# TO DO
Search the listing for "person" and copy every line where it appears.
----------
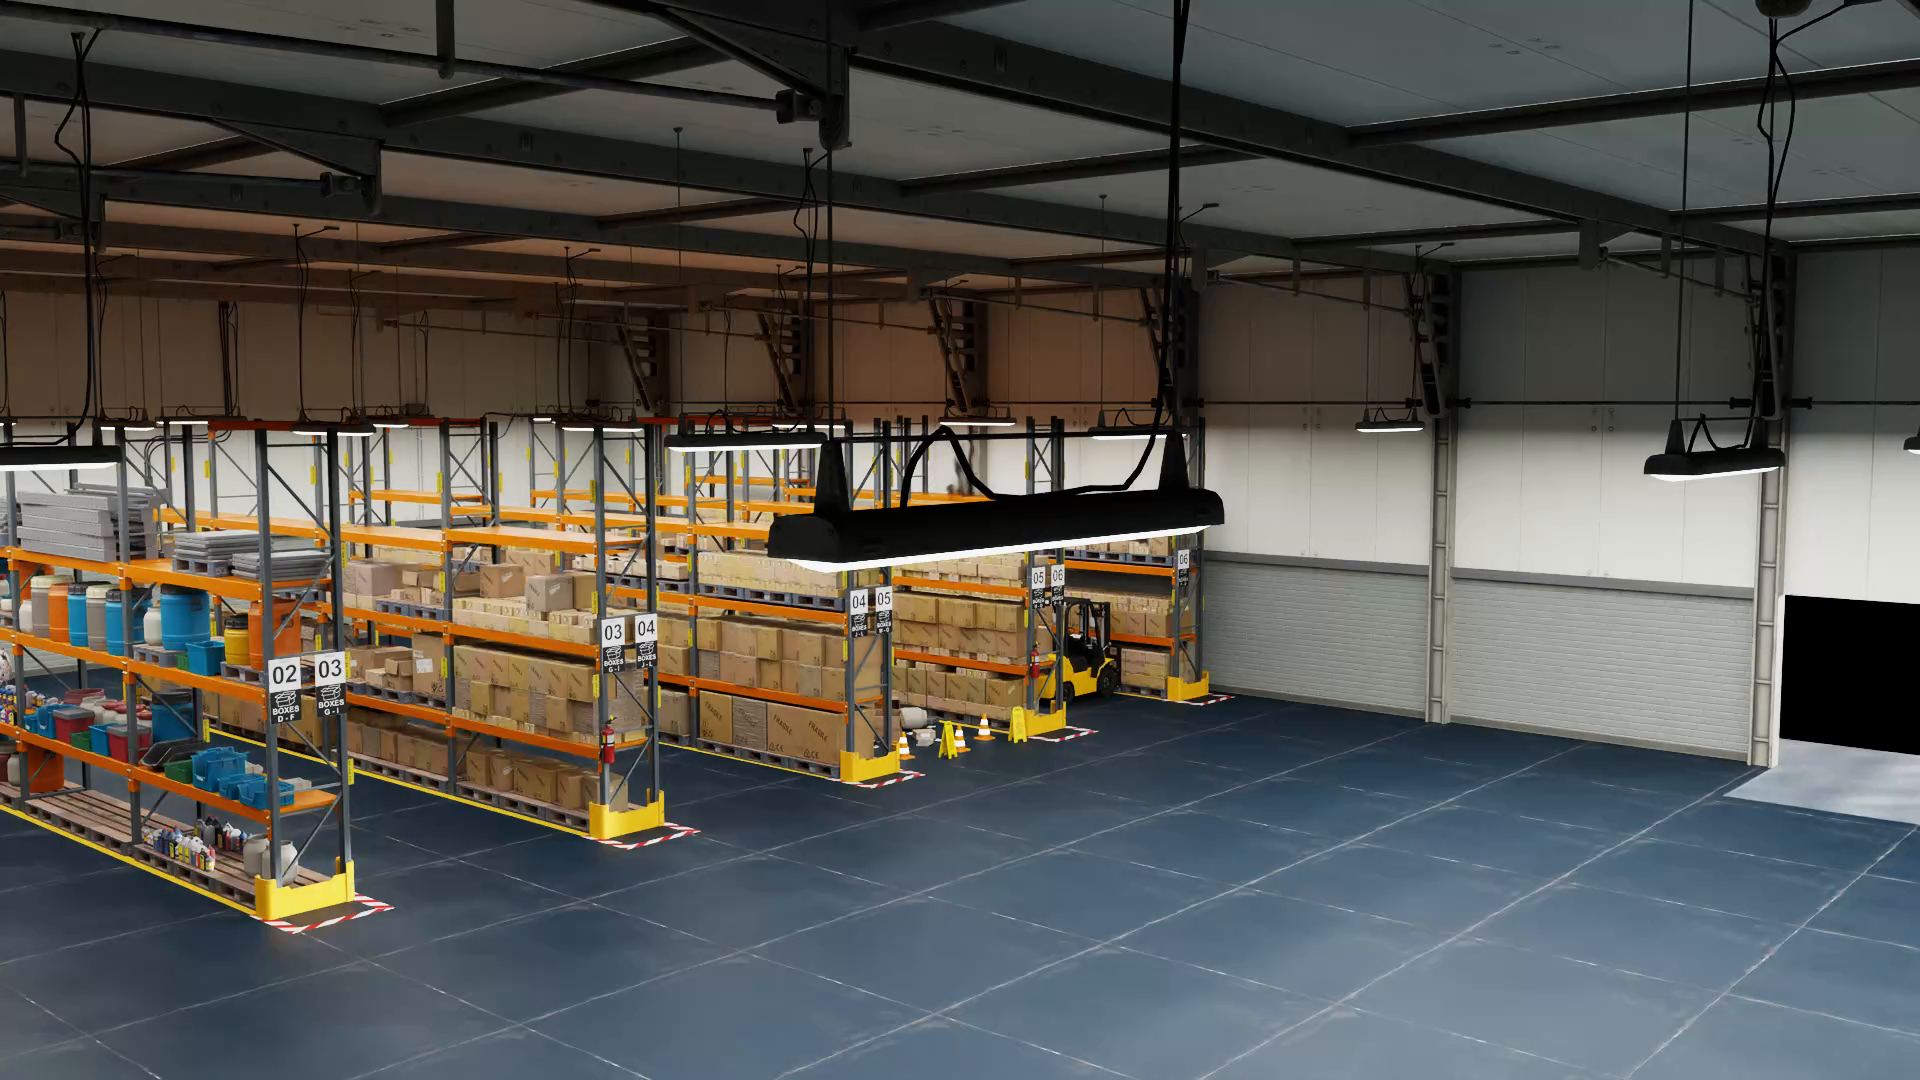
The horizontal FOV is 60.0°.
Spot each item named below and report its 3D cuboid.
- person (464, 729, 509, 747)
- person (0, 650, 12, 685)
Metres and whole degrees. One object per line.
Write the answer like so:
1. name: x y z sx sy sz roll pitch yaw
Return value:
----------
# ANSWER TO THIS TASK
- person (464, 729, 509, 747)
- person (0, 650, 12, 685)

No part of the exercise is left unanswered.